Patients with low bone mineral density (BMD) who stop denosumab after an extended treatment regimen are at risk of rebound-associated vertebral fractures (VF) that limit physical activity and may affect abdominal and pulmonary function.
Denosumab has been prescribed commonly for nearly a decade to improve bone density and reduce fracture risk, but recently there have been increased reports of BMD declining to pretreatment levels when the drug is stopped and may dip below baseline, putting the patients at risk for spontaneous VF.
Zoledronic acid, an intravenous bisphosphonate used to treat several bone diseases, is a preferred alternative that does not demonstrate the bone density reversal phenomenon seen following denosumab use. Bisphosphonates generally remain in the bone and provide prolonged benefits not offered by treatment with denosumab.

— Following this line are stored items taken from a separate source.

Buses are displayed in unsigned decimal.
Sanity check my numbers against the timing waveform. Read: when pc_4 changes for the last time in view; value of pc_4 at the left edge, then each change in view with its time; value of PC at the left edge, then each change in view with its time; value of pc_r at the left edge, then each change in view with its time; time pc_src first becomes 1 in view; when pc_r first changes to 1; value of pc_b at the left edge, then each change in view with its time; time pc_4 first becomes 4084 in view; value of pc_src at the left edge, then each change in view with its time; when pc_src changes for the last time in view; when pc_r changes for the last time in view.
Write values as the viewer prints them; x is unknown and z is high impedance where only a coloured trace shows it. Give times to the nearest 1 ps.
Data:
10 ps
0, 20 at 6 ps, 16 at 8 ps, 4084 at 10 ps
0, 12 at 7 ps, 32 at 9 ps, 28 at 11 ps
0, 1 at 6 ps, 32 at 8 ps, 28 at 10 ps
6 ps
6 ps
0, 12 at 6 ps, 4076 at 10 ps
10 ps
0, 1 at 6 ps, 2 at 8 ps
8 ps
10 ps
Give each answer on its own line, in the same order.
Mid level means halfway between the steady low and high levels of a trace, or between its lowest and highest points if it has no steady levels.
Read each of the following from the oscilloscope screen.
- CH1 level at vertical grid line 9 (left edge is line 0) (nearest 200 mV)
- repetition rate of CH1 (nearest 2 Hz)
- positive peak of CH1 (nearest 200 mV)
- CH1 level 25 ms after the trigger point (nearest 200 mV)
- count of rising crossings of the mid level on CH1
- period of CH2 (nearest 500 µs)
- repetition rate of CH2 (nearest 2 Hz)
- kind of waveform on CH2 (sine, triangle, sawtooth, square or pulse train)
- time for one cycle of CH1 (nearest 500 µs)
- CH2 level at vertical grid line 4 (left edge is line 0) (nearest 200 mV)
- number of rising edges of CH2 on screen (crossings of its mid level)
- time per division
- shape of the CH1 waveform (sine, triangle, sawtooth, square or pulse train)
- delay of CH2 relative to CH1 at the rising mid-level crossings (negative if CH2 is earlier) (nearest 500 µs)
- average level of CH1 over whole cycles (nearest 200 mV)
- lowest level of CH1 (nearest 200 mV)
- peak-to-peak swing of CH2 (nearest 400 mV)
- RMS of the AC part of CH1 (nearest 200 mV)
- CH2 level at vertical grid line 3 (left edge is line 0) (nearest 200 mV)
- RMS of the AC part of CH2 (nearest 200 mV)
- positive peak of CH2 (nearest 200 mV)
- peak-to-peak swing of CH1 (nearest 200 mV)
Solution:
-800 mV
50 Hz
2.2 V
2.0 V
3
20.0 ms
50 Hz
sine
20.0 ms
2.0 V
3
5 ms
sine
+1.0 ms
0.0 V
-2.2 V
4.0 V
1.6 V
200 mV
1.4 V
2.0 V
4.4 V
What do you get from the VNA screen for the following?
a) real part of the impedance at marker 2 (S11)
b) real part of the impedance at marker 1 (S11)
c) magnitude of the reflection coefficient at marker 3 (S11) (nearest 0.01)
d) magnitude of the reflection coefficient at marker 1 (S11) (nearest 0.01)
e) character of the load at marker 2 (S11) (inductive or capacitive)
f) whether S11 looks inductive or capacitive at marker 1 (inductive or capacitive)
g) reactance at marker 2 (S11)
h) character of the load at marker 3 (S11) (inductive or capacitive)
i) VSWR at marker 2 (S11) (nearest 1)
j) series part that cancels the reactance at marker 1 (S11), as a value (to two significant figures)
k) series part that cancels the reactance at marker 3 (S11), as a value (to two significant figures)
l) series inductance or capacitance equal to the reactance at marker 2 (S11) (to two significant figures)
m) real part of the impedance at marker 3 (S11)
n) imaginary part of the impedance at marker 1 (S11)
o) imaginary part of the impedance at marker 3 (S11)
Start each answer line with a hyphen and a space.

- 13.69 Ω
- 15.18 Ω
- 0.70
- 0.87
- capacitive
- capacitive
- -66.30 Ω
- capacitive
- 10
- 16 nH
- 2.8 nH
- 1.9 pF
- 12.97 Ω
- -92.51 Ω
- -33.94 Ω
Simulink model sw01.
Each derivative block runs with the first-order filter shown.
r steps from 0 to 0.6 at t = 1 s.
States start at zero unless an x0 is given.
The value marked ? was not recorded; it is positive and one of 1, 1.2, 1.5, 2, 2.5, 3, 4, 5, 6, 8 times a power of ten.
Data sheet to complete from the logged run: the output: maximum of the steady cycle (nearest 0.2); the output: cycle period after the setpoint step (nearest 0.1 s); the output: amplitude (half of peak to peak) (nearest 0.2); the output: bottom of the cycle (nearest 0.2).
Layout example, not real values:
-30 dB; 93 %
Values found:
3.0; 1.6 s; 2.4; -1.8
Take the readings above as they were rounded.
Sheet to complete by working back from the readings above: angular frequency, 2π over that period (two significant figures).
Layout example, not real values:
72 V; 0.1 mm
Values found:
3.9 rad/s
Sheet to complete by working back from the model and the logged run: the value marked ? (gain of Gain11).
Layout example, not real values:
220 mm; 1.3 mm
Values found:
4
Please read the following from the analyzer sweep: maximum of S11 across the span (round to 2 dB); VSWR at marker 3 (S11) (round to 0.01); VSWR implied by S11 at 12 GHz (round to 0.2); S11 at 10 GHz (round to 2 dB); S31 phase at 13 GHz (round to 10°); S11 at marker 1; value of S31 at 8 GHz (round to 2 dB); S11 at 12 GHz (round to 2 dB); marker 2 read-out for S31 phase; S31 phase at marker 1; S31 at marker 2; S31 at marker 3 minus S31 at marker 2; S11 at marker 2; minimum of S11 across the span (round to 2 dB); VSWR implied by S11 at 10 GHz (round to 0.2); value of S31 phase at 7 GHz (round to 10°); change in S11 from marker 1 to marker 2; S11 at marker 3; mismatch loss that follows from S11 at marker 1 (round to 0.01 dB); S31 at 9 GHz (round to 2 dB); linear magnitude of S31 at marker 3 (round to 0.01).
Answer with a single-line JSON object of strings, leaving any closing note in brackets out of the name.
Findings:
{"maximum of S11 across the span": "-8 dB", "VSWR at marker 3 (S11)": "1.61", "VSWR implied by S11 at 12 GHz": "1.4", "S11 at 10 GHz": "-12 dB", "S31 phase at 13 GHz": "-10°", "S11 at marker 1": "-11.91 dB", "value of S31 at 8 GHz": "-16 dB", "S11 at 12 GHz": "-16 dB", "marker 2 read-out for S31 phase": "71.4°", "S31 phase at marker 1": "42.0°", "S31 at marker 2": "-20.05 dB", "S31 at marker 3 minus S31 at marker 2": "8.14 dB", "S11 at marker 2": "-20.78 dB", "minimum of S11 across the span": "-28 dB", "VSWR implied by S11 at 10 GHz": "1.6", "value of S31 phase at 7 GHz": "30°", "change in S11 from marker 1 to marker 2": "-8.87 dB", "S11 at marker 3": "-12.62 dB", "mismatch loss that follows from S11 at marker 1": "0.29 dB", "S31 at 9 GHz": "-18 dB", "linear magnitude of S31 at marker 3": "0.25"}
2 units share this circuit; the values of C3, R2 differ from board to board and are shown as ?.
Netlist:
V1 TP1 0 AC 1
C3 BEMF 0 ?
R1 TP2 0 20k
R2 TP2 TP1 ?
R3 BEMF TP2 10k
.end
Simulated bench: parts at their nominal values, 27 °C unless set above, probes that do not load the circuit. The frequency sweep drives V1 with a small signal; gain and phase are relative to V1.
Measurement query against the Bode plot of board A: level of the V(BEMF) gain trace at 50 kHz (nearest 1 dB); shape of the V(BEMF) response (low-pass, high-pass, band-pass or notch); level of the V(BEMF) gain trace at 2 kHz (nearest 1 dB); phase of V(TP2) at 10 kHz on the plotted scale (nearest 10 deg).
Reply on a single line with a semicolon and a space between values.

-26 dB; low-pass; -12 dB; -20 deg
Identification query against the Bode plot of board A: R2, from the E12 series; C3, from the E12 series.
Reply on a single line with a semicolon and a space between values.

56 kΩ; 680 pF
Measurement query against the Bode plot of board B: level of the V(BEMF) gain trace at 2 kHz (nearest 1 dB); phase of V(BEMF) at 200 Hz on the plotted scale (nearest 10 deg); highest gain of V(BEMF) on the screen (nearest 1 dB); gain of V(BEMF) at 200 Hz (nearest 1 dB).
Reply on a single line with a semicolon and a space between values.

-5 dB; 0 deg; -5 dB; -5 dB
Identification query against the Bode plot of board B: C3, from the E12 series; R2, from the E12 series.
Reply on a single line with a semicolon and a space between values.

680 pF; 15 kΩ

Endocrinologists specializing in metabolic bone disease often encounter patients with multiple concurrent fractures, says Rebecca Herbst, MD, a Duke endocrine fellow who has studied clinical approaches to osteoporosis. In some cases, spontaneous fractures occur when patients cough or bend to pick up an item.
“We know that VF is a marker of high risk,” Herbst says. “Patients who experience VF are at much higher risk of hip and arm fractures.”
Specialists should focus on identifying and treating patients with low BMD, a history of fracture, or high fracture risk, Duke endocrinologists say, although the specialty is limited by a dearth of new drugs.
Richard H. Lee, MD, MPH, a Duke endocrinologist and bone density specialist, says one of the challenges in treating osteoporotic disorders is the limited drug pipeline for the condition. “There are only a small number of new drugs in development,” Lee says, “and the currently available drugs are not being used much, even when they need to be. We are in a crisis in bone care now.”
Despite concerns about denosumab, the choice of a preferred alternative rests with the specialist, Duke endocrinologists say. No guidelines have been issued from the Endocrinology Society, but bisphosphonates improve BMD and reduce? fracture risk without the rebound-associated fracture risk, according to a recent study.
“During national conferences, we hear physicians’ personal strategies and ideas based on their experience with individual patients,” says Herbst, “but we don’t yet have a definitive recommendation.”